:: GIVEN DATA ::
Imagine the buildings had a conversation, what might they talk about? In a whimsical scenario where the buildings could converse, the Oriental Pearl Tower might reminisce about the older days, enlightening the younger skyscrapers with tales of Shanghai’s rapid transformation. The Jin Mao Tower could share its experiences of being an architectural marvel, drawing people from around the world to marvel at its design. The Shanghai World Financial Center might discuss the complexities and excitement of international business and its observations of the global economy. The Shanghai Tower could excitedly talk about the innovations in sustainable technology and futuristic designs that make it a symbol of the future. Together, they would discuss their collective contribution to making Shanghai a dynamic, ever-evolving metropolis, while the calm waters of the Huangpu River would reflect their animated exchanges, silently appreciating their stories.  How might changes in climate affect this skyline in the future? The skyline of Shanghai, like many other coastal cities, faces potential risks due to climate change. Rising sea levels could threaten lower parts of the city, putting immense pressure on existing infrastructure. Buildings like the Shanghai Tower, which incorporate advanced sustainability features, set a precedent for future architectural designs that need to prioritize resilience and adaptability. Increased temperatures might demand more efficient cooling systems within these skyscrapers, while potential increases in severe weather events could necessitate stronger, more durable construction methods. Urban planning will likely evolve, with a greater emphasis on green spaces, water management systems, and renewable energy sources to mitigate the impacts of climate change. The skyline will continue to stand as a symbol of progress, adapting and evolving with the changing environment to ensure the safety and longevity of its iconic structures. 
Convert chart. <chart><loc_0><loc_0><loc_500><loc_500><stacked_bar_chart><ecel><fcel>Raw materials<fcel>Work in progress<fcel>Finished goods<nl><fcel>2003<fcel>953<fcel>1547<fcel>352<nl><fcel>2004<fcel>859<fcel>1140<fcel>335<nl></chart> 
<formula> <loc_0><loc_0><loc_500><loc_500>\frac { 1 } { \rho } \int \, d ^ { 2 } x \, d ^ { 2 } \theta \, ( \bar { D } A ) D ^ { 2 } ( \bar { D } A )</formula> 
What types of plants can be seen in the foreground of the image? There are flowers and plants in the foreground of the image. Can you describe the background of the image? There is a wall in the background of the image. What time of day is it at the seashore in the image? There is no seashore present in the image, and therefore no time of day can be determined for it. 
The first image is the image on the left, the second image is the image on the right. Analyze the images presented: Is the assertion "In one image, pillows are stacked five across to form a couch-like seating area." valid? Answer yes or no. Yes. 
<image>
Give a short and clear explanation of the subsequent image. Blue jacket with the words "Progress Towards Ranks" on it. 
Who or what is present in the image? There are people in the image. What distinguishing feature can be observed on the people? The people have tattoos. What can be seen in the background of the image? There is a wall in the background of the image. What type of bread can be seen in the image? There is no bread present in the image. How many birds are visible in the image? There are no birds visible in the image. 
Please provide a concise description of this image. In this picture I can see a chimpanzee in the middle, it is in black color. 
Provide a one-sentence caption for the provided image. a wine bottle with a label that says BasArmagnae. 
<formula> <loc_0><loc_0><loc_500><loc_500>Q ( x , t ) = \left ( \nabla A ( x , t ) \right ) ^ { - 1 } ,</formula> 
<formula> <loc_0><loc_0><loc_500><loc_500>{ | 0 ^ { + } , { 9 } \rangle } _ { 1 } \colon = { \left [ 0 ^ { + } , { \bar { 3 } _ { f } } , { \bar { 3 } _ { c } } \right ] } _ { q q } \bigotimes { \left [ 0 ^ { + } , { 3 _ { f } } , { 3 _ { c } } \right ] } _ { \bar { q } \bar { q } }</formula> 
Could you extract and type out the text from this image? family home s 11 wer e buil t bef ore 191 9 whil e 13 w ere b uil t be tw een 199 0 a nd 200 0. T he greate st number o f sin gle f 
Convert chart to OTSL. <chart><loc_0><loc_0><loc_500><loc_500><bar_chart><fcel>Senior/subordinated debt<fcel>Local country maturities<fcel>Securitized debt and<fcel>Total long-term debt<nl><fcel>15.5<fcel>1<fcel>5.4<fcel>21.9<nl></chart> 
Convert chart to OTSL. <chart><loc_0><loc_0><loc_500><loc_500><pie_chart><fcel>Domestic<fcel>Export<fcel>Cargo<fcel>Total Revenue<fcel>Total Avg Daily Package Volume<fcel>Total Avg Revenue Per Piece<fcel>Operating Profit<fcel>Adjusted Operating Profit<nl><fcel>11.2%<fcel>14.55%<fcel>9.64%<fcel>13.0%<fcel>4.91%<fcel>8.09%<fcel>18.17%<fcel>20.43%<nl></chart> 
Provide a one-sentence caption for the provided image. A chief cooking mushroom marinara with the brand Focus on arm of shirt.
:::
- _ABOUT THIS TASK_:
Copy each line of the data above that holds "formula".

- _SOLUTION FOR THIS TASK_:
<formula> <loc_0><loc_0><loc_500><loc_500>\frac { 1 } { \rho } \int \, d ^ { 2 } x \, d ^ { 2 } \theta \, ( \bar { D } A ) D ^ { 2 } ( \bar { D } A )</formula> 
<formula> <loc_0><loc_0><loc_500><loc_500>Q ( x , t ) = \left ( \nabla A ( x , t ) \right ) ^ { - 1 } ,</formula> 
<formula> <loc_0><loc_0><loc_500><loc_500>{ | 0 ^ { + } , { 9 } \rangle } _ { 1 } \colon = { \left [ 0 ^ { + } , { \bar { 3 } _ { f } } , { \bar { 3 } _ { c } } \right ] } _ { q q } \bigotimes { \left [ 0 ^ { + } , { 3 _ { f } } , { 3 _ { c } } \right ] } _ { \bar { q } \bar { q } }</formula> 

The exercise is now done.